Speaker
Description
The formation of a solar type planetary system is characterized by several physical processes that start with the collapse of a cold (≤ 10 K) and dense (≥ 10$^5$cm$^{-3}$) prestellar core into a protostar, a protoplanetary disk and, eventually, a planetary system. These stages are also accompanied by the evolution of the chemical composition (e.g. Caselli & Ceccarelli 2012), which is a powerful diagnostic tool to recover the past and present conditions of a source.
The vast majority of the observations that led the recognition the chemical variety of solar type protostars has been obtained via millimeter wavelengths telescopes, where several relatively light molecules, like the iCOMs or the small carbon chains have their peak of emission. In contrast, the lines of heavy molecules (e.g. chains with more than seven C-atoms) at mm wavelengths are substantially weaker. Their observation could add an important piece of the overall puzzle as they might have a crucial role in the heritage of organic material from the pre- and proto- stellar phase to the objects of the newly formed planetary system, like asteroids and comets (e.g. Mumma & Charnley 2011, McGuire et al. 2019).
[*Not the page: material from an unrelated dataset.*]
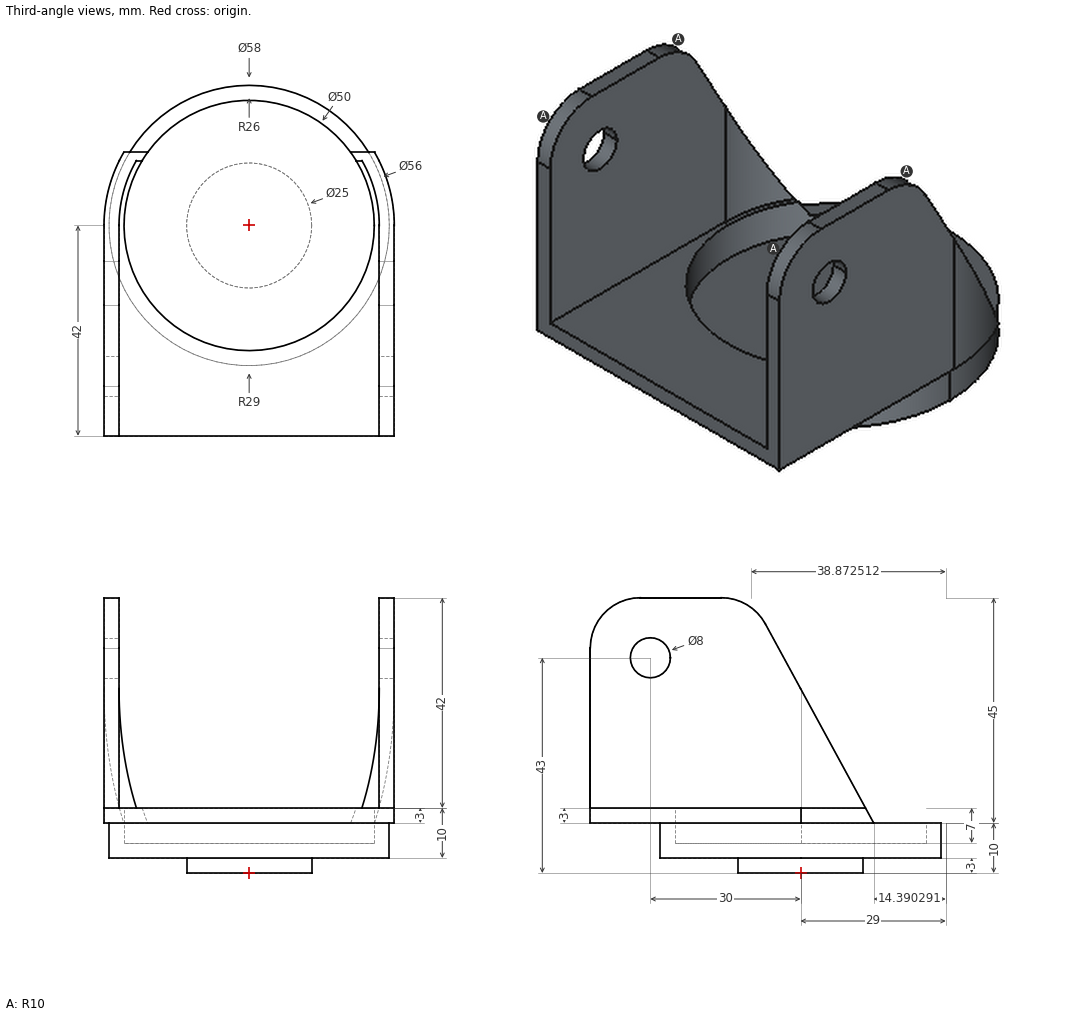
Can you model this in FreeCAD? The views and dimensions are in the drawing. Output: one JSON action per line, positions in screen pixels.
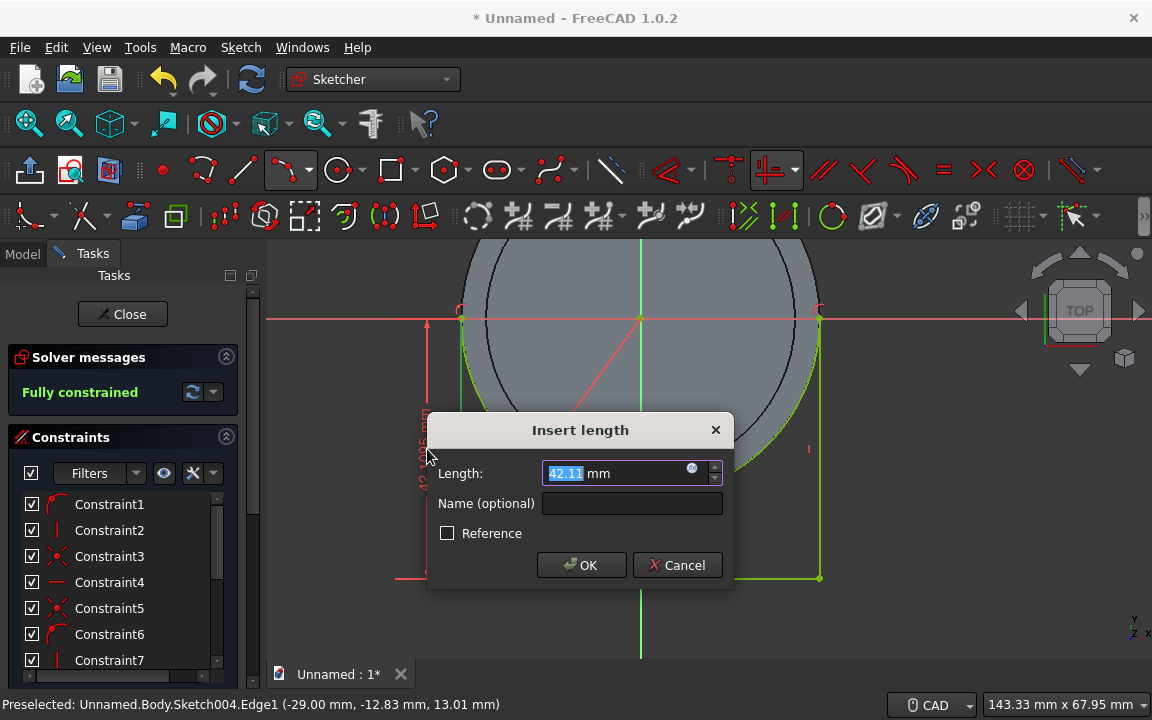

We will report the results obtained in a pilot study proposed using GBT to observe several crucial C-bearing chains in the 8.0 – 11.5 GHz and 14.0 – 15.4 GHz intervals, in L1544 and IRAS16293-2422, which are the two archetypes of prestellar cores and protostars, respectively. GBT observations, covering part of the frequency range of the future SKA1-MID, reveal an impressive molecular richness of C-chains (e.g. C$_4$H, C$_6$H, HC$_7$N, HC$_9$N, C$_3$S) and a chemical differentiation between the two sources at large angular scales. These preliminary results stress the importance of SKA observations to image the spatial distribution of the observed C-chains and to understand if large carbon chains and iCOMs coexist in the planets formation region.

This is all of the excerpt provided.